* Aim of the exercise *
Could you retype exactly the lines below between the one holding "text E ancora in" and the one holding "636, 1152, 656]", inclusive, leaving out any pictures?

Dataset records:

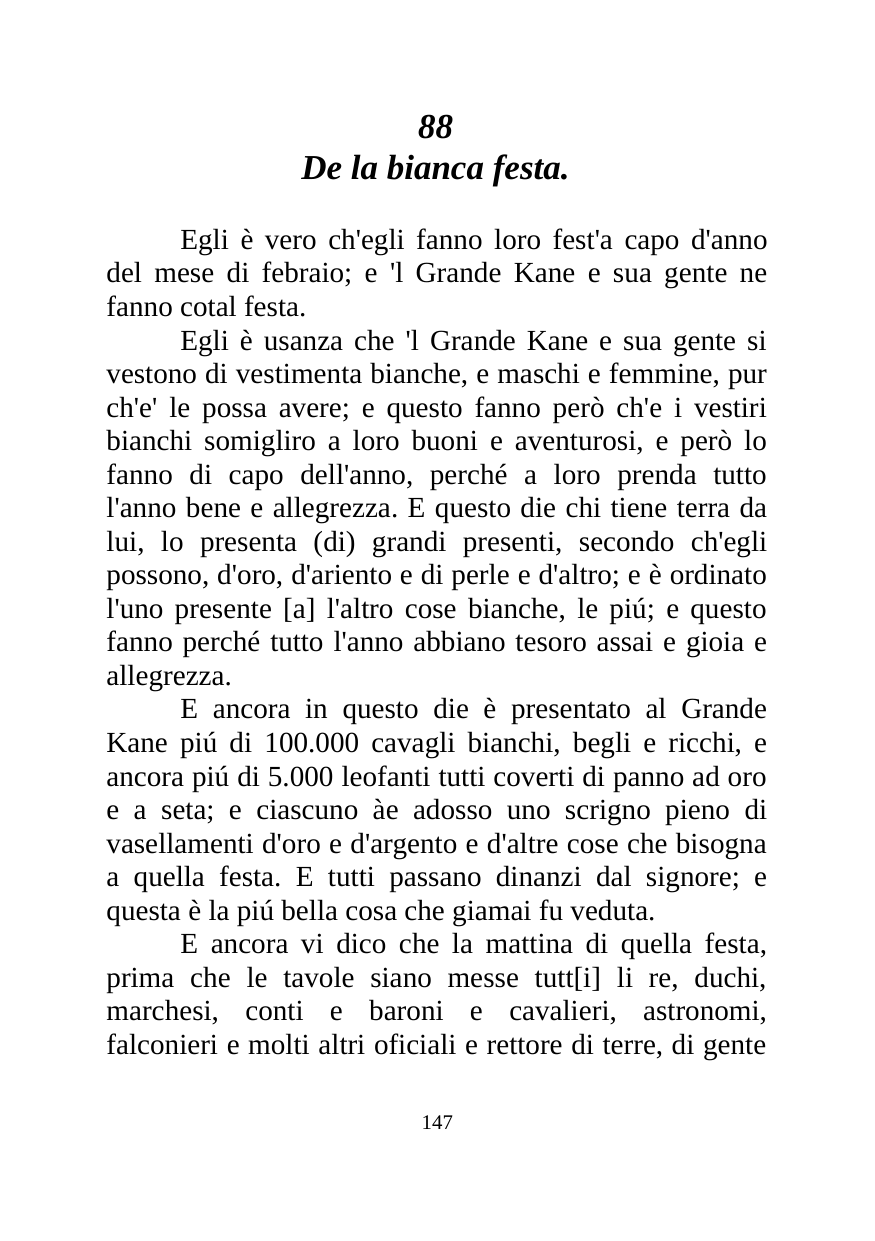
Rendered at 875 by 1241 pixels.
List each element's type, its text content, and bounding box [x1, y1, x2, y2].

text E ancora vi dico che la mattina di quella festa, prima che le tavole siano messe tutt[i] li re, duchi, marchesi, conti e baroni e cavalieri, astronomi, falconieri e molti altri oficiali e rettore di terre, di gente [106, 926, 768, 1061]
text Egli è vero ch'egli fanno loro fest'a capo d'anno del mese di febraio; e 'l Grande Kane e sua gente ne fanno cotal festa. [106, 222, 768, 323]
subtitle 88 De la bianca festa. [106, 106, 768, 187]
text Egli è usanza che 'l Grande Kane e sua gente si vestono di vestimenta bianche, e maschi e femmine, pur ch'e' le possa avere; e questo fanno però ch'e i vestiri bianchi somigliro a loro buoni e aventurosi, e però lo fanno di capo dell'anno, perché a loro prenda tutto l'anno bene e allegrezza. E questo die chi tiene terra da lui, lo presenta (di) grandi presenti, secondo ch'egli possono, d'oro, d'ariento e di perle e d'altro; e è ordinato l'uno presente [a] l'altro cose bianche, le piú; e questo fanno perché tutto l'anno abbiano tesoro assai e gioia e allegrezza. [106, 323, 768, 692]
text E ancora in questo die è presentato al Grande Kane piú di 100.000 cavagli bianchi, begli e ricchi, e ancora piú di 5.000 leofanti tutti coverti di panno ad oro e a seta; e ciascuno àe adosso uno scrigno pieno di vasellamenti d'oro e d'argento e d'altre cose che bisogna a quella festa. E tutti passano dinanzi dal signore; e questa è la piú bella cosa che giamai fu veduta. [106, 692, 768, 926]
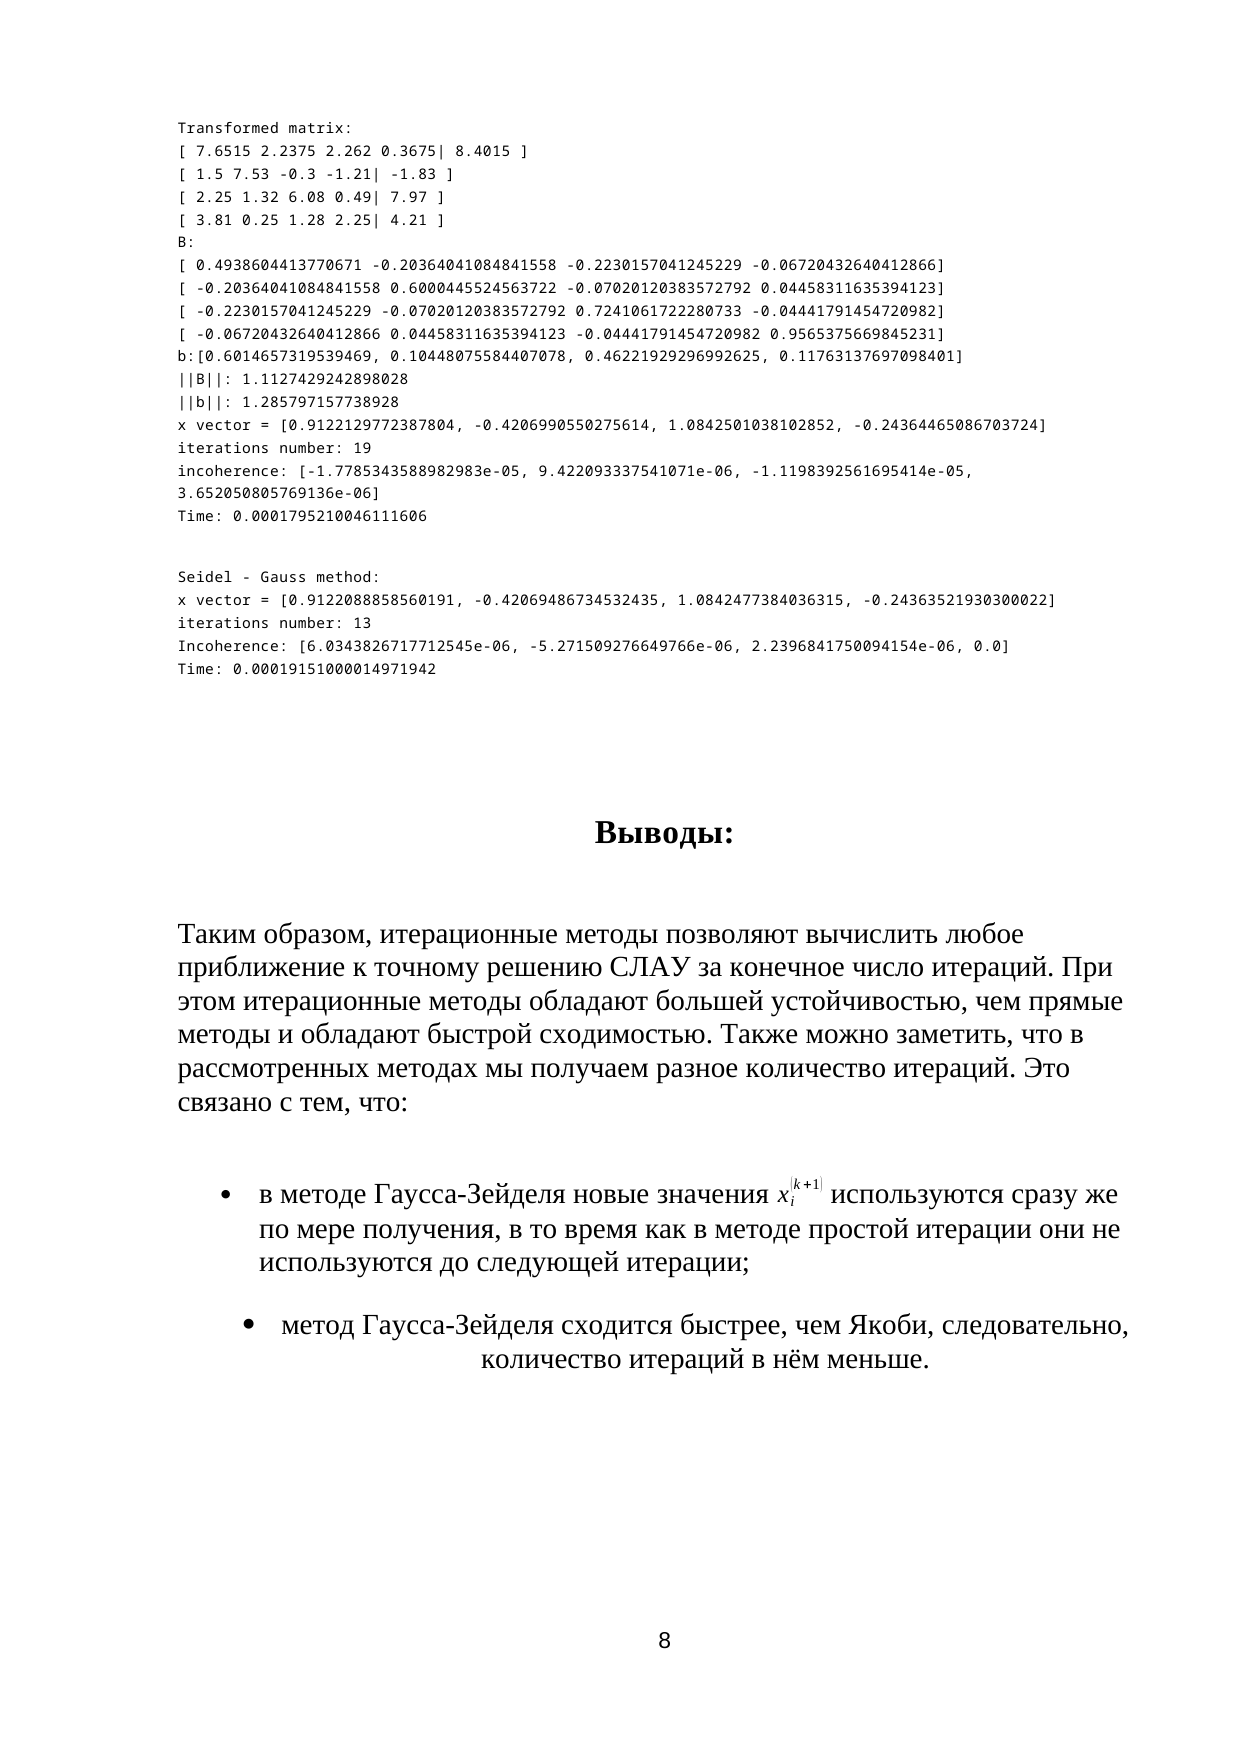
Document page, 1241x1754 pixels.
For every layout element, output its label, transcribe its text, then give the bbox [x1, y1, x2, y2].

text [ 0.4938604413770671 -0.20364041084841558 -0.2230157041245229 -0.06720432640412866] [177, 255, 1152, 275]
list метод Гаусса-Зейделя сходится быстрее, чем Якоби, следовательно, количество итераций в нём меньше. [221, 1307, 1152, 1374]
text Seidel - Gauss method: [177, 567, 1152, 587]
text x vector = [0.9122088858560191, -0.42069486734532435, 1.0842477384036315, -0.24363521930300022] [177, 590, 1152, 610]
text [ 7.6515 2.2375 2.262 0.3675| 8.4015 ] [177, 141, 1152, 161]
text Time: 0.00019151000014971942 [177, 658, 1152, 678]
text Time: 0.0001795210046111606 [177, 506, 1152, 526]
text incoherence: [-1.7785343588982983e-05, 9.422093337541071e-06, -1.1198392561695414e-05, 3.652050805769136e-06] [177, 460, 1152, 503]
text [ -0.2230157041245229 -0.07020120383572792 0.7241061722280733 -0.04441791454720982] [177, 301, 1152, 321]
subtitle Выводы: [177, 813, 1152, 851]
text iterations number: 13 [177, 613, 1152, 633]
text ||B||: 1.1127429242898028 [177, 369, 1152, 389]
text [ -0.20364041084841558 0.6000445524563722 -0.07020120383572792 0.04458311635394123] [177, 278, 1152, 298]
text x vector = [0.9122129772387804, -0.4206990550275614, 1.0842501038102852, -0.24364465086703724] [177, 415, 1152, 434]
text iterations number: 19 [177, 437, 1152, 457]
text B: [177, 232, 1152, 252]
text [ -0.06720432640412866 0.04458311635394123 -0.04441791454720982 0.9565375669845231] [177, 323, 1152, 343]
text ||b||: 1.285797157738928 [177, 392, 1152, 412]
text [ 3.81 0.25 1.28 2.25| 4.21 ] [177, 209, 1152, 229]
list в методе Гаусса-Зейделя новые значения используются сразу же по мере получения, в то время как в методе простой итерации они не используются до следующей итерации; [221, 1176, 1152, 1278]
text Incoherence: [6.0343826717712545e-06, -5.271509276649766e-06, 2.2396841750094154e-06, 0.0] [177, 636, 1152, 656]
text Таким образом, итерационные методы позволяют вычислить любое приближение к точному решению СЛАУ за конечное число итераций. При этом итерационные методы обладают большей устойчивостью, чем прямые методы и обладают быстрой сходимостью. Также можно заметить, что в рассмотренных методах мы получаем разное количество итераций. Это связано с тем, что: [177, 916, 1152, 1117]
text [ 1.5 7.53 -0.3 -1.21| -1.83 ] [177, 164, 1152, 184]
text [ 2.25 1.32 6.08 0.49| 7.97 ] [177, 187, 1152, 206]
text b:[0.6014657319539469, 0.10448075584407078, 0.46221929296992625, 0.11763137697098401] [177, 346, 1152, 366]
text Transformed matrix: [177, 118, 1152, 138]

* Solution to this task *
text E ancora in questo die è presentato al Grande Kane piú di 100.000 cavagli bianchi, begli e ricchi, e ancora piú di 5.000 leofanti tutti coverti di panno ad oro e a seta; e ciascuno àe adosso uno scrigno pieno di vasellamenti d'oro e d'argento e d'altre cose che bisogna a quella festa. E tutti passano dinanzi dal signore; e questa è la piú bella cosa che giamai fu veduta. [106, 692, 768, 926]
Document page, 1241x1754 pixels.
For every layout element, output its label, transcribe its text, then give the bbox [x1, y1, x2, y2].

text [ 0.4938604413770671 -0.20364041084841558 -0.2230157041245229 -0.06720432640412866] [177, 255, 1152, 275]
list метод Гаусса-Зейделя сходится быстрее, чем Якоби, следовательно, количество итераций в нём меньше. [221, 1307, 1152, 1374]
text Seidel - Gauss method: [177, 567, 1152, 587]
text x vector = [0.9122088858560191, -0.42069486734532435, 1.0842477384036315, -0.24363521930300022] [177, 590, 1152, 610]
text [ 7.6515 2.2375 2.262 0.3675| 8.4015 ] [177, 141, 1152, 161]
text Time: 0.00019151000014971942 [177, 658, 1152, 678]
text Time: 0.0001795210046111606 [177, 506, 1152, 526]
text incoherence: [-1.7785343588982983e-05, 9.422093337541071e-06, -1.1198392561695414e-05, 3.652050805769136e-06] [177, 460, 1152, 503]
text [ -0.2230157041245229 -0.07020120383572792 0.7241061722280733 -0.04441791454720982] [177, 301, 1152, 321]
subtitle Выводы: [177, 813, 1152, 851]
text iterations number: 13 [177, 613, 1152, 633]
text ||B||: 1.1127429242898028 [177, 369, 1152, 389]
text [ -0.20364041084841558 0.6000445524563722 -0.07020120383572792 0.04458311635394123] [177, 278, 1152, 298]
text x vector = [0.9122129772387804, -0.4206990550275614, 1.0842501038102852, -0.24364465086703724] [177, 415, 1152, 434]
text iterations number: 19 [177, 437, 1152, 457]
text B: [177, 232, 1152, 252]
text [ -0.06720432640412866 0.04458311635394123 -0.04441791454720982 0.9565375669845231] [177, 323, 1152, 343]
text ||b||: 1.285797157738928 [177, 392, 1152, 412]
text [ 3.81 0.25 1.28 2.25| 4.21 ] [177, 209, 1152, 229]
list в методе Гаусса-Зейделя новые значения используются сразу же по мере получения, в то время как в методе простой итерации они не используются до следующей итерации; [221, 1176, 1152, 1278]
text Incoherence: [6.0343826717712545e-06, -5.271509276649766e-06, 2.2396841750094154e-06, 0.0] [177, 636, 1152, 656]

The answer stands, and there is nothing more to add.